**The input**
....................
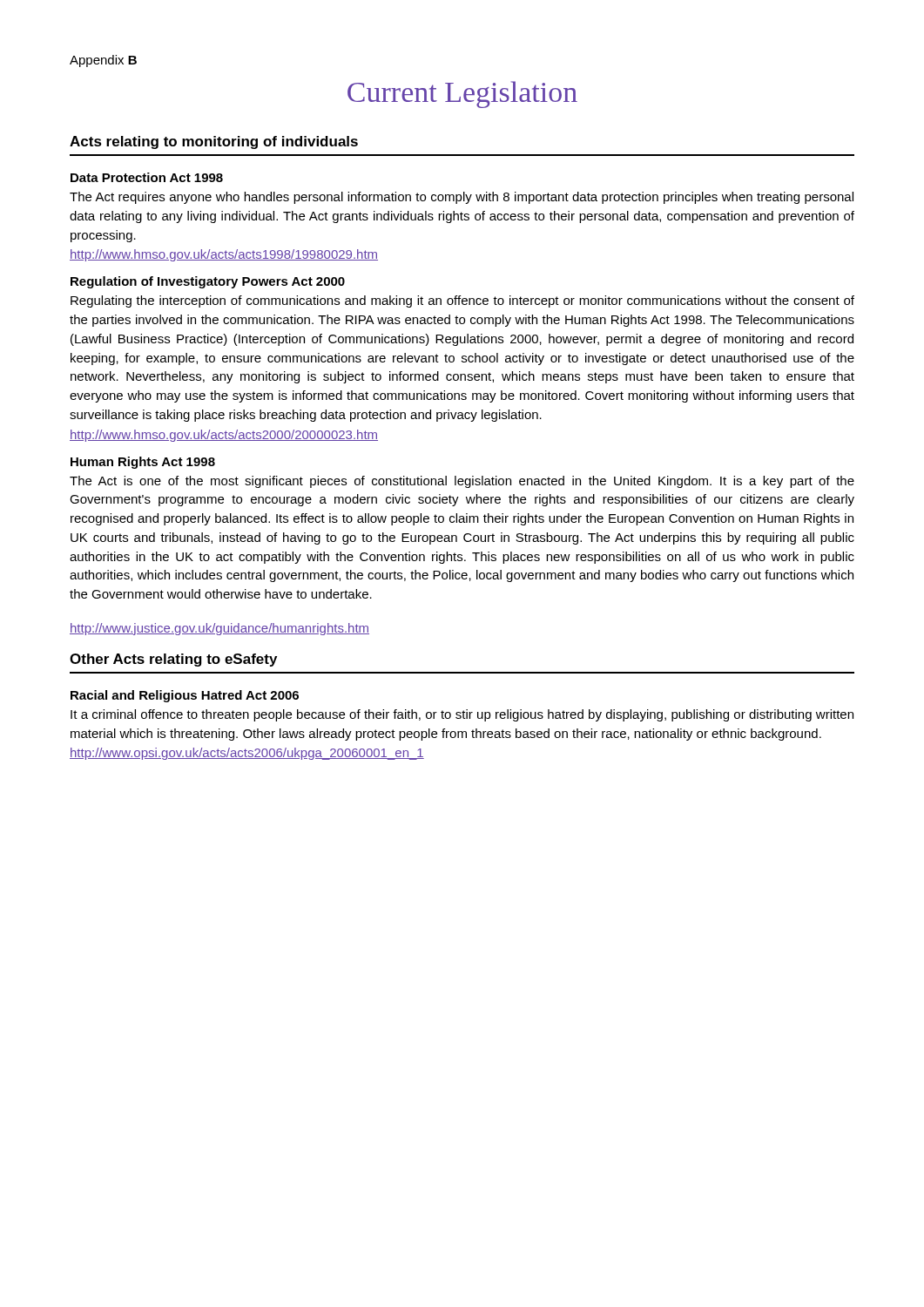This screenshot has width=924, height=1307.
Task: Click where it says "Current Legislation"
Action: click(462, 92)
....................
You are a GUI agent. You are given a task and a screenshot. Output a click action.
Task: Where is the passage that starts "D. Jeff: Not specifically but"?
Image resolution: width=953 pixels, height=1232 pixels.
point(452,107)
....................
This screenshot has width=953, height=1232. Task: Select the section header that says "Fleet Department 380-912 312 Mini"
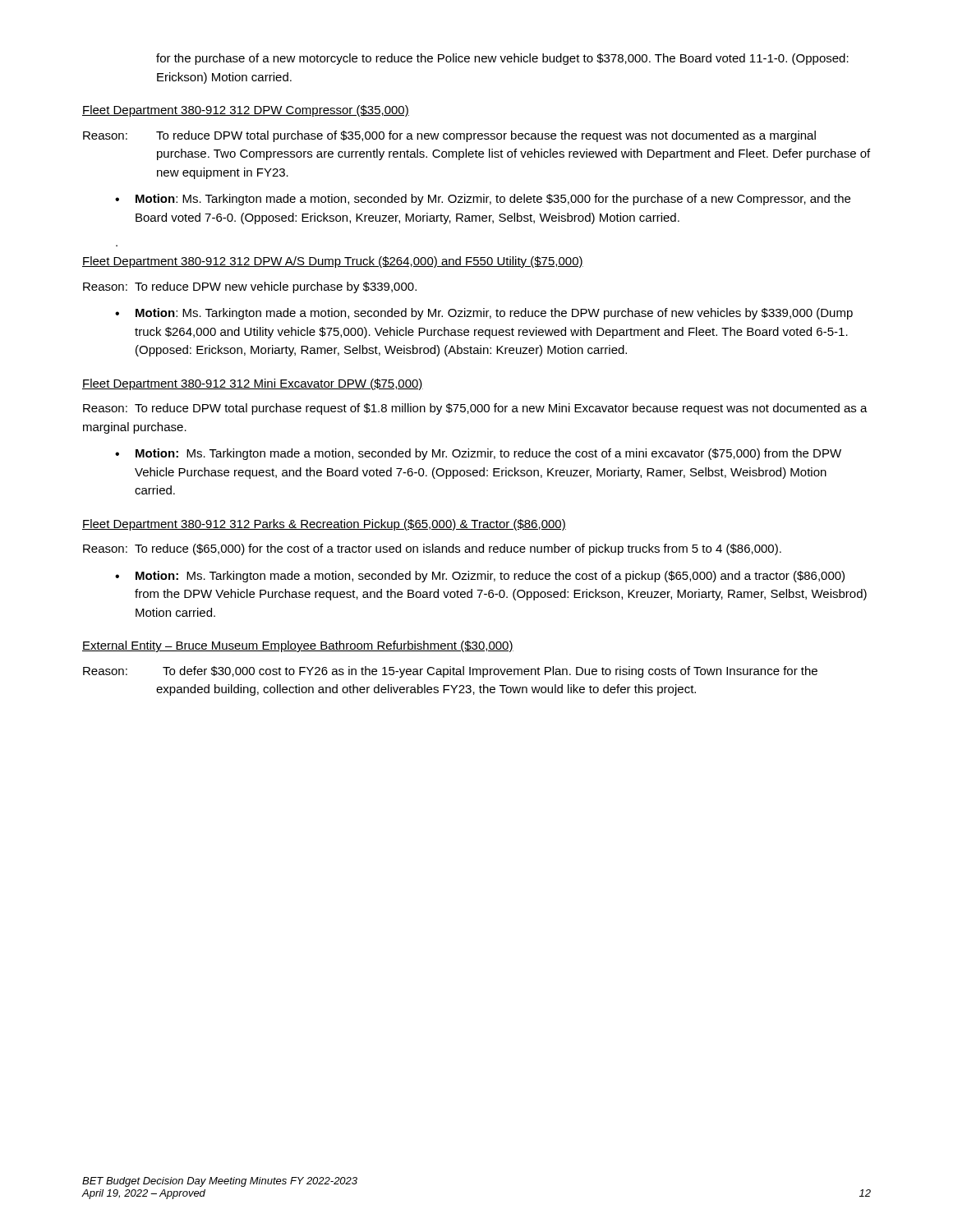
....................
**What you have to do**
In how many lines of the material does the word "that" appear? Respond with the number only.

**The completed task**
2